Embedded in the provisions of the BRI are measures that encourage private sector involvement in infrastructure development. The Chinese private sector is already heavily involved in the financing and execution of infrastructure projects: As of 2019, it was reported that 274 out of the top 500 firms in China were participating in the BRI (Xinhua, 2019). The initiative has also sought the participation of private sector actors across the world and encourages public-private partnerships for infrastructure development. In addition, it supports the development of special economic zones, which are sometimes private investments. The BRI is, therefore, technically a key source of financing for African private sector actors that are seeking to be involved in the development of trade facilitation infrastructure. This is already the case with a project based in Nigeria, as Figure 4 shows.
Figure 4:
BRI trade facilitation project in Nigeria
The Lekki Deep Sea Port started full commercial operations in Lagos, Nigeria in April 2023. It is one of the major BRI projects in Nigeria and was executed as a collaboration between Tolaram Nigeria in partnership with the China Harbour Engineering Company. These two formed an international consortium led by Lekki Port Investment Holding and were awarded the concession for 45 years by the Nigerian Ports Authority on a Build, Own, Operate and Transfer (BOOT) basis. The shareholding structure for the port includes China Harbour Engineering Company (52.5%), Tolaram (22.5%), the Lagos State Government (20%) and the Nigerian Ports Authority (5%).3 It is expected to have an aggregate impact of USD 361 billion over its 45 years concession period. |
Note: Image source: CNN
The Global Gateway Initiative (GGI)
On different platforms, EU leaders have expressed concerns about China’s growing reach and influence in the developing world through its large infrastructure development deals. The Global Gateway Initiative (GGI) is therefore regarded as the European Union’s (EU) response to China’s BRI (Seibt, 2021). The GGI was launched in December 2021 as a EUR 300 billion fund, with half dedicated to Africa from 2021 - 2027. Its focus is soft and hard infrastructure for improved global connectivity, and it is administered by the European Investment Bank. A significant portion of the fund will be mobilised from EU private sector stakeholders, making the EUR 300 billion more of a fundraising target.

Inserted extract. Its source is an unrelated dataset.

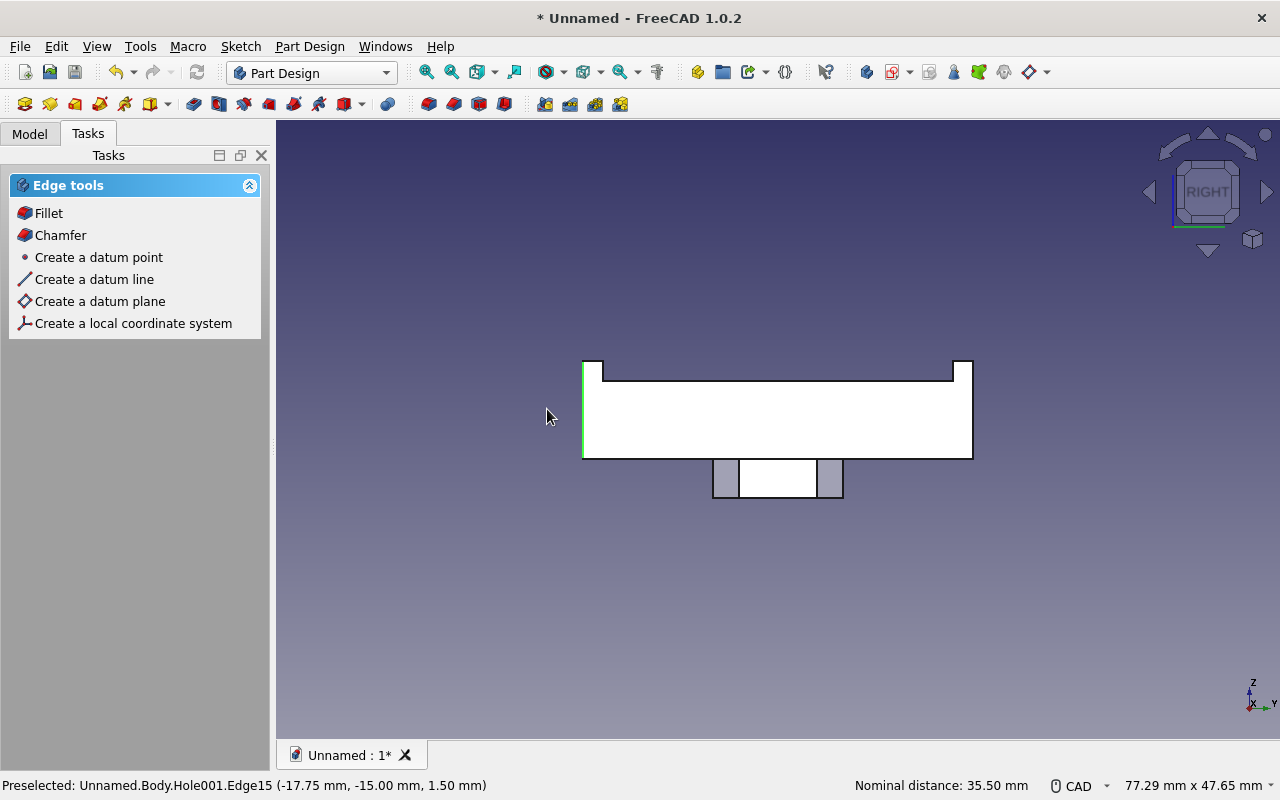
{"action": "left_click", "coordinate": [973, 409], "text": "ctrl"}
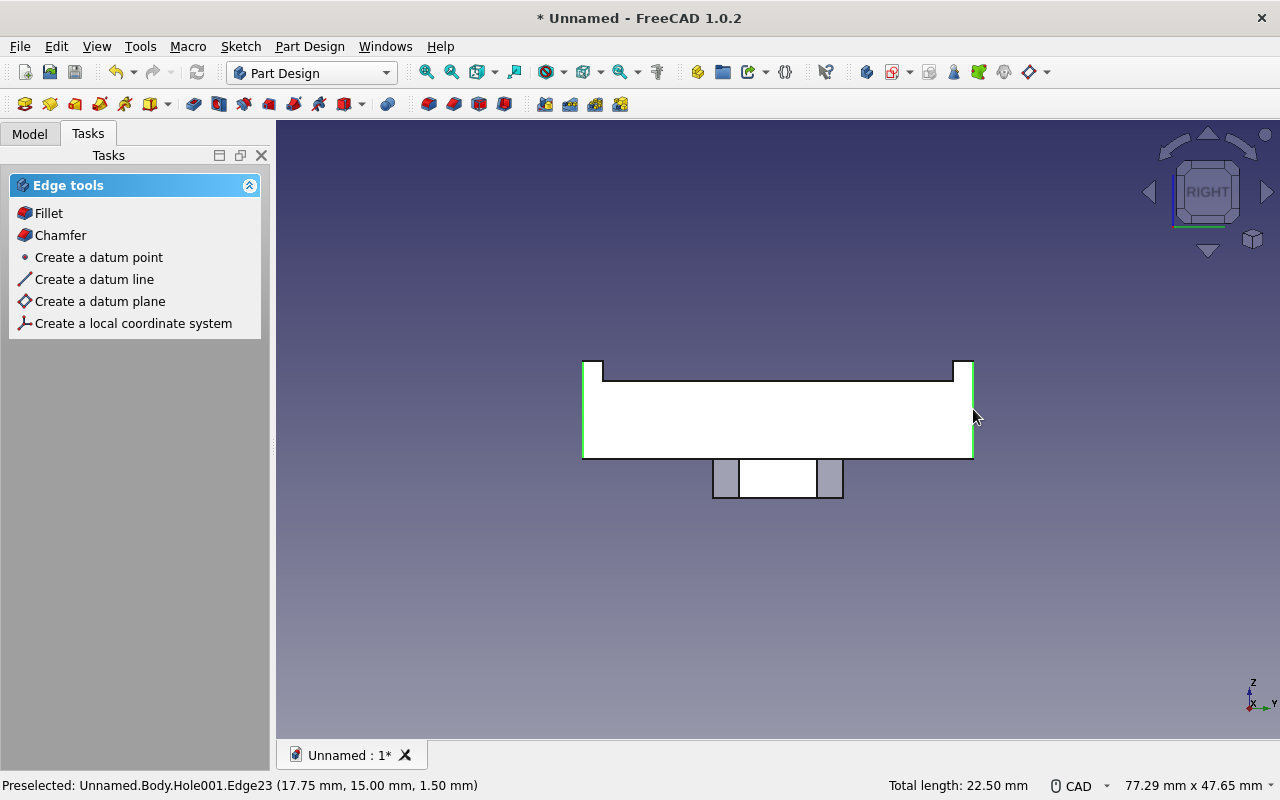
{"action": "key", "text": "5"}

The GGI has faced a lot of criticism including assertions that its size is too small, and observations that it includes ‘old’ repackaged projects that were already planned by EU-member states (Barbero, 2023). The initiative also experienced some implementation delays due to the emergence of the Russia-Ukraine conflict in Europe. However, the GGI has since announced key flagship projects in the developing world, including in Africa.
Also embedded in the structure of the GGI is a prioritisation of private sector involvement. Again, on the European side, there is an intention to mobilise a large portion of GGI funds from the private sector. The fund also allows for the participation of private sector actors on the side of recipient countries in a B2B model for investment. It is unclear to what extent this opportunity has been explored by African private sector actors, but there is immense potential for leveraging the GGI for resource mobilisation around trade infrastructure development. Table 4 below lists some African infrastructure projects related to trade facilitation that have already received GGI commitments.

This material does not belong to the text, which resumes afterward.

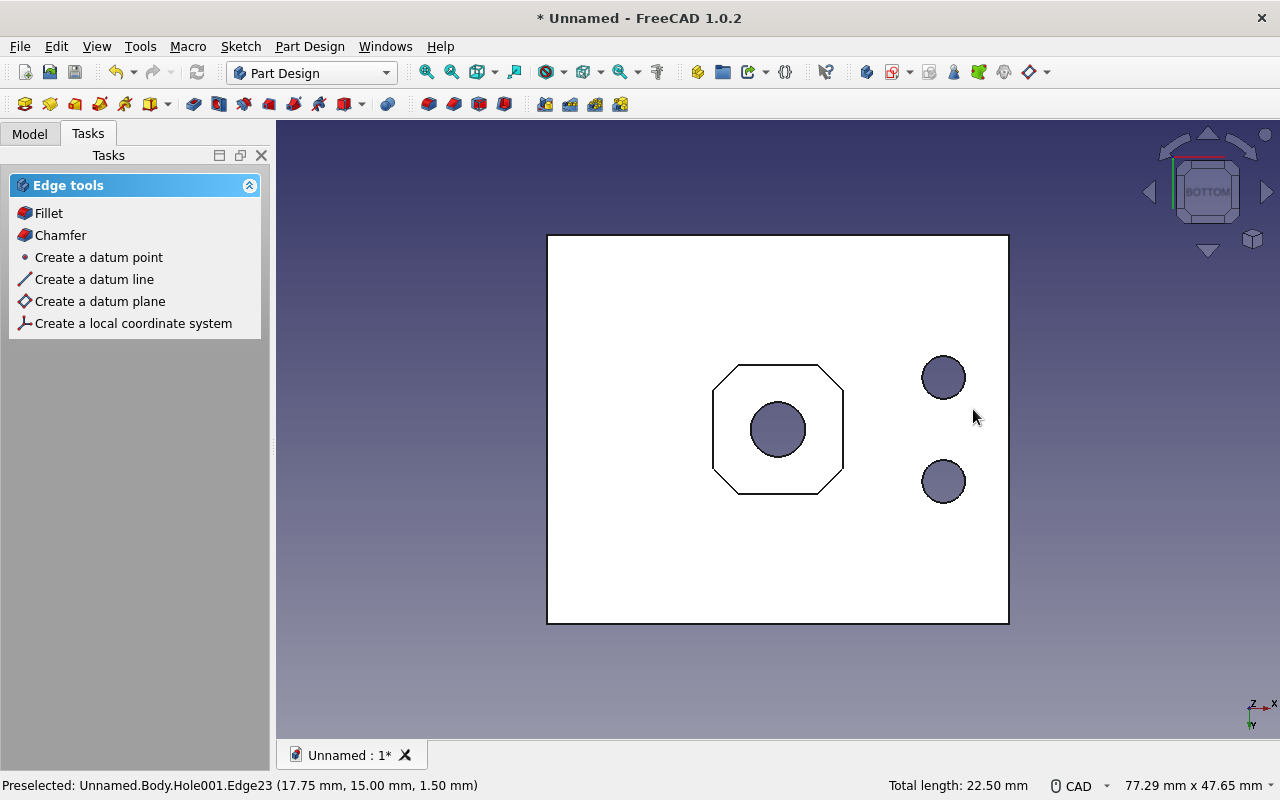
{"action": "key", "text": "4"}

The Partnership for Global Infrastructure and Investment (PGI)
The Partnership for Global Infrastructure and Investment (PGI) was formally launched by the United States President Joe Biden and other G7 leaders in 2022. It aims to mobilise USD 600 billion in investment and provide support in four primary areas: climate and energy security, digital connectivity, health systems and health security, and gender equality and equity. The PGI emphasises a values-driven, high-standard and transparent approach to infrastructure investment, focusing on delivering quality, sustainable projects that can make a meaningful difference in people’s lives globally. It also seeks to strengthen and diversify supply chains, which is expected to positively impact the global economy and resilience to global energy and supply chain challenges.

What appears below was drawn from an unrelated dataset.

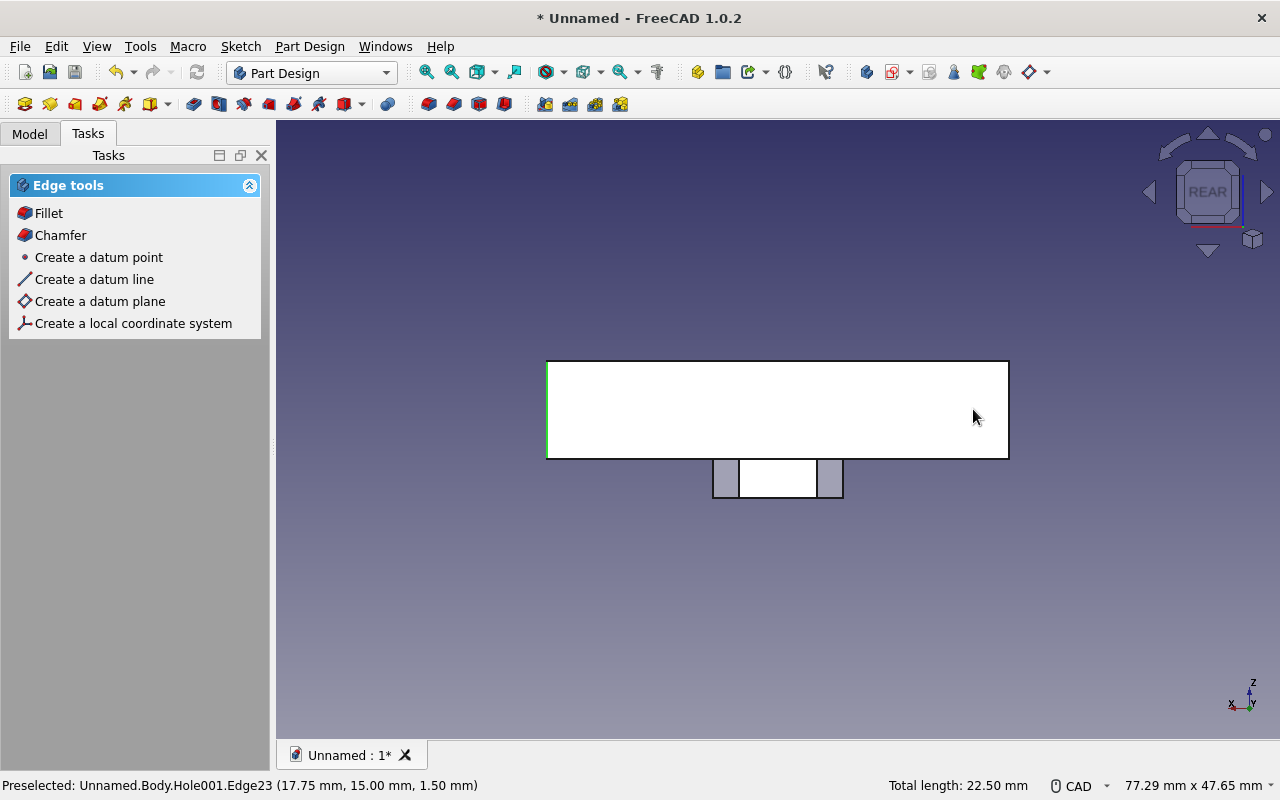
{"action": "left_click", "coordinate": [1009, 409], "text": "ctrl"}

The PGI is a rebrand and evolution of the Build Back Better World (B3W) initiative launched in 2021 by the United States to focus on infrastructure financing in developing countries. It is also regarded as the US and G7’s response to Chinese-led infrastructure development in the developing world. This aligns the PGI with the GGI; both funds have even collaborated on the Lobito Corridor trade infrastructure investment in Africa. Like the other initiatives discussed, the PGI includes a strong private sector component, targeting these actors as a source of a large percentage of the financing targets. A PGI factsheet on the US White House website overtly states: ‘Through PGI, the United States welcomes public and private sector stakeholders leveraging their expertise and networks to advance complex transactions and strategic joint ventures to drive quality infrastructure investments in low- and middle-income countries’. As shown in Figure 5, there are already ongoing collaborations between African private sector actors and the PGI. There is therefore an opportunity for wider participation by private sector actors, particularly in providing trade infrastructure in Africa.
Figure 5:
PGI investment commitment to Africa Data Centres
Africa Data Centres is a business owned by Cassava Technologies and has built the largest network of interconnected, carrier- and cloud-neutral data centre facilities. It has also built Africa’s largest independent fibre network, stretching more than 73,000km. It was announced in May 2023 that Africa Data Centres will receive a USD 300 million loan under the PGI to construct a world class data centre in Ghana. |
Note: FACT SHEET: Partnership for Global Infrastructure and Investment at the G7 Summit.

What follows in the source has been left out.